* EXERCISE OBJECTIVE: Your answer must be an exact copy of the entries, containing no images.

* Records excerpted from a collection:
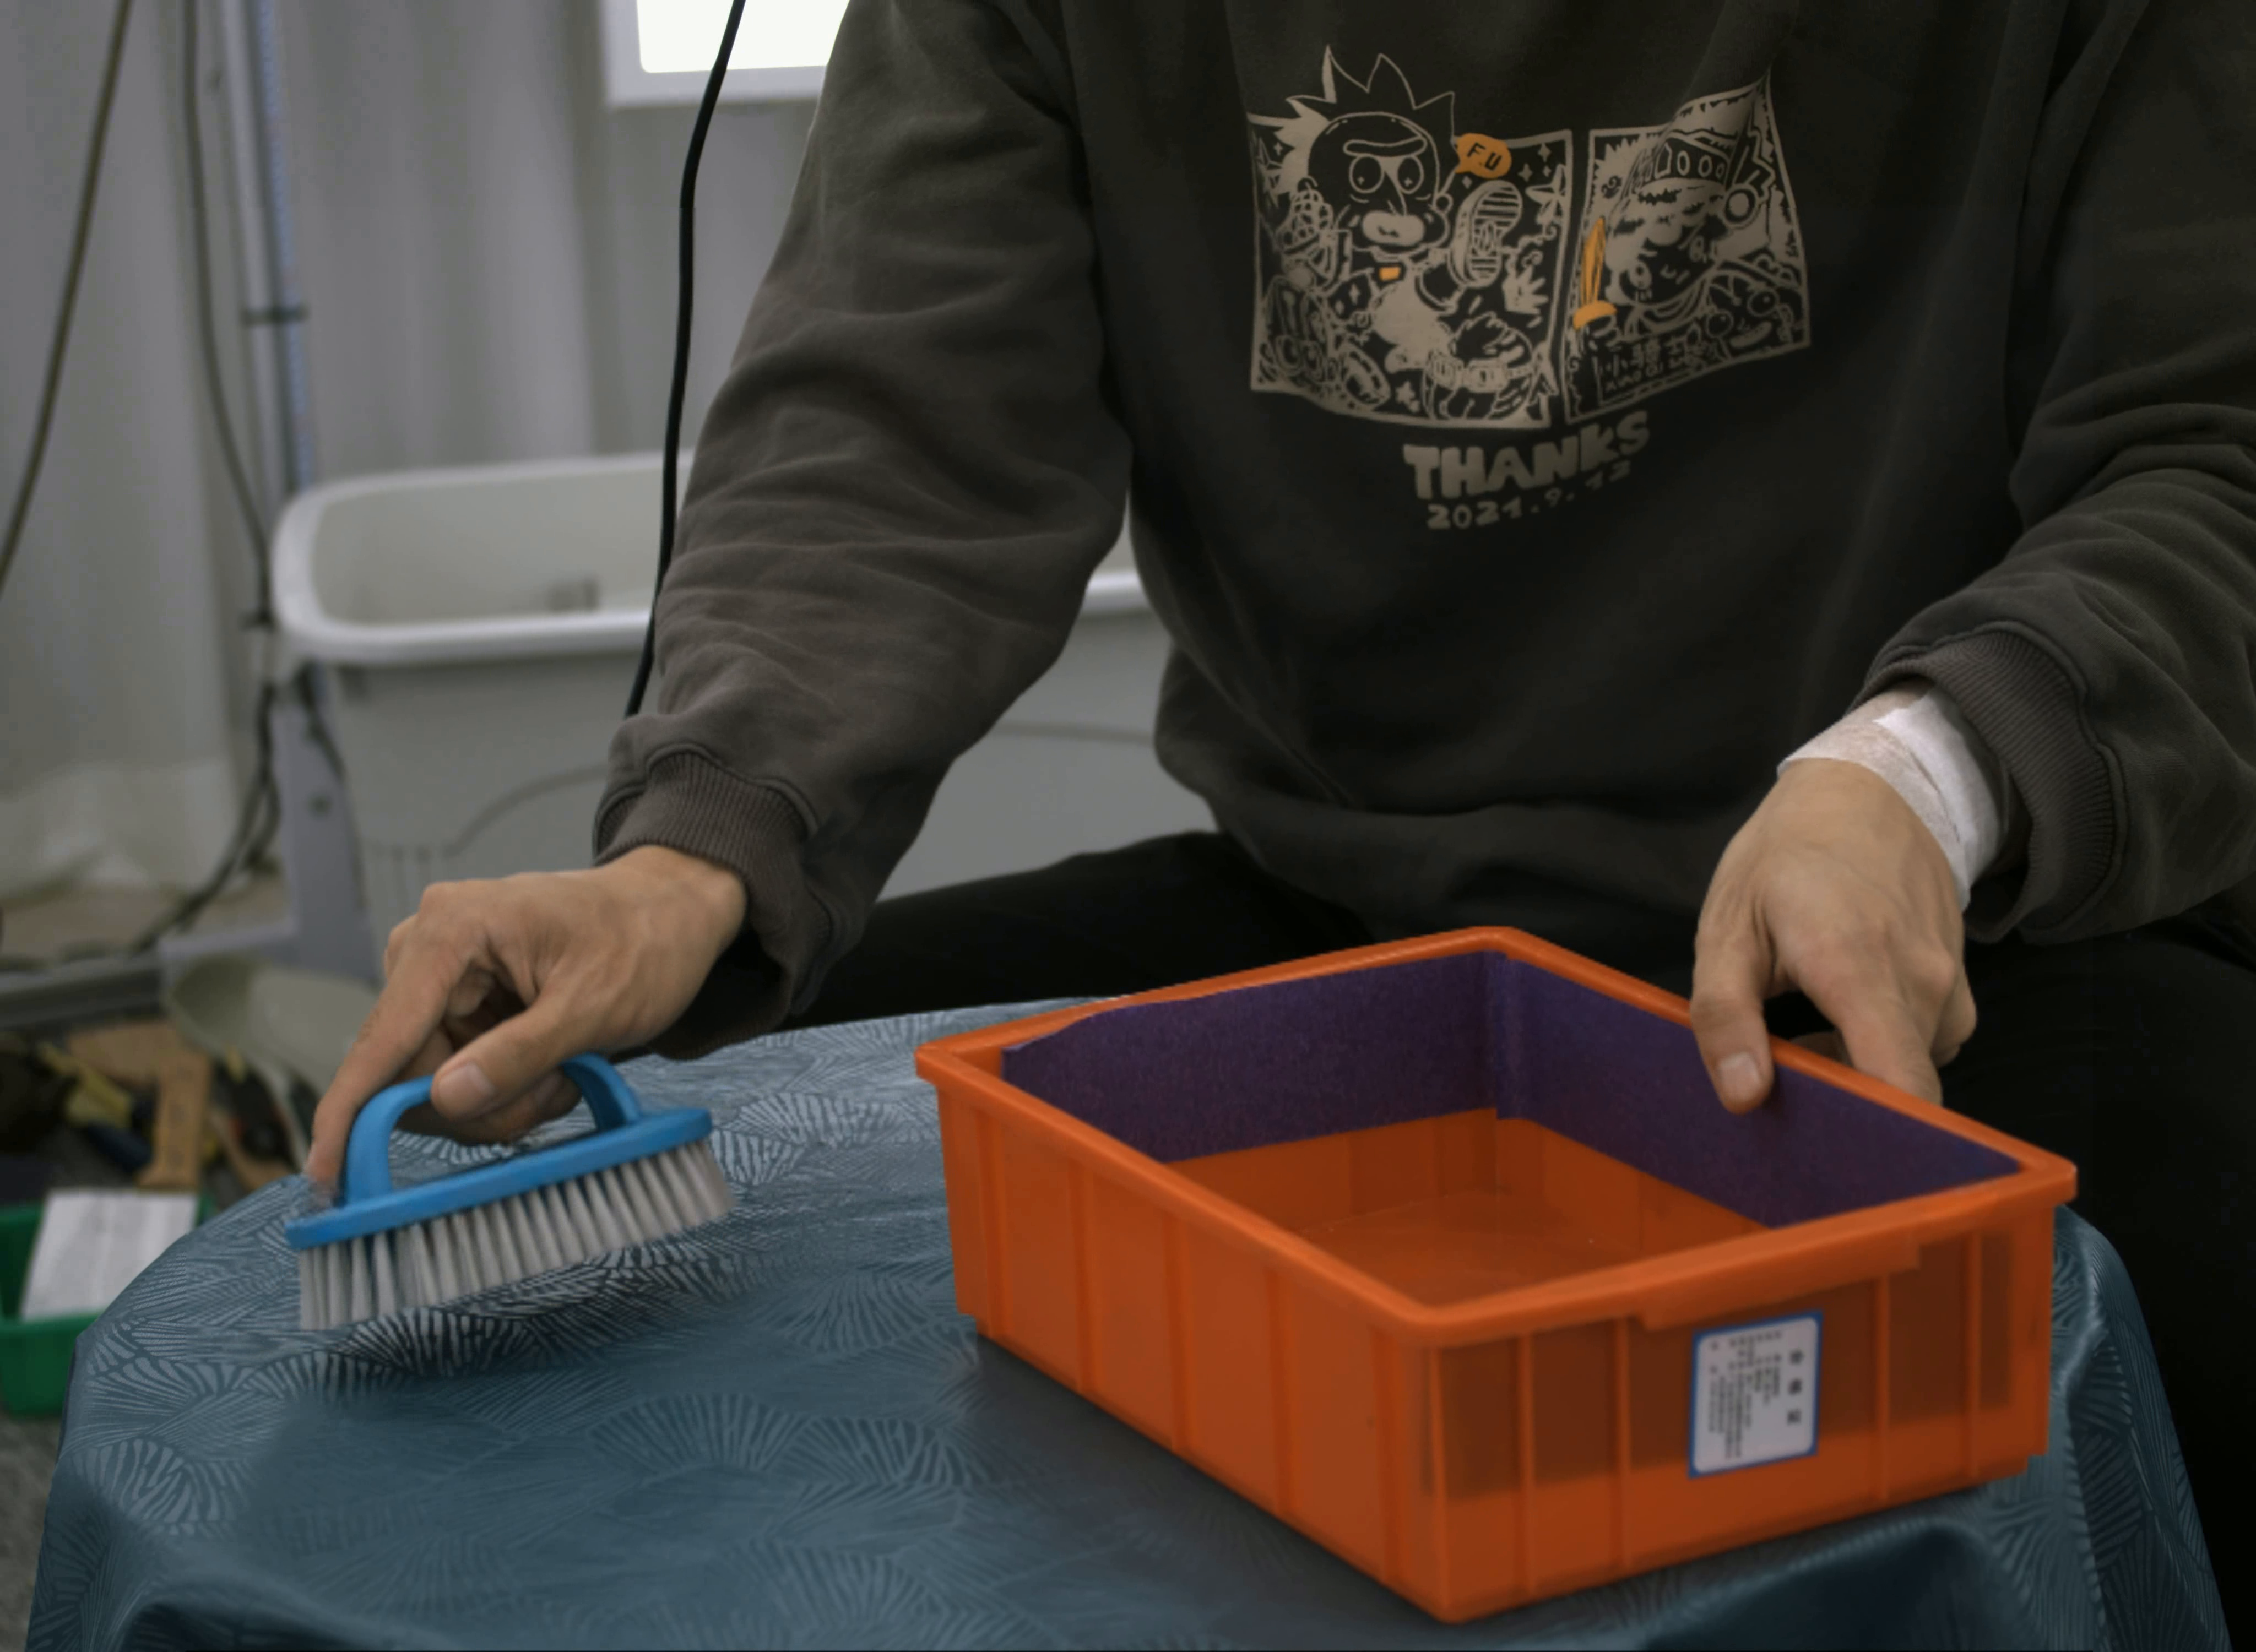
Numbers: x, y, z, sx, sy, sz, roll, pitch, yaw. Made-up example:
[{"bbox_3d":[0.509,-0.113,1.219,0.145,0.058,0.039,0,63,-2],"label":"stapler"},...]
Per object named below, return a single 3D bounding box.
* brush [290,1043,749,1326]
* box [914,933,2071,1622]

* OUTPUT FOR THIS TASK:
Numbers: x, y, z, sx, sy, sz, roll, pitch, yaw. Made-up example:
[{"bbox_3d":[0.509,-0.113,1.219,0.145,0.058,0.039,0,63,-2],"label":"stapler"},...]
Per object named below, return a single 3D bounding box.
* brush [290,1043,749,1326]
* box [914,933,2071,1622]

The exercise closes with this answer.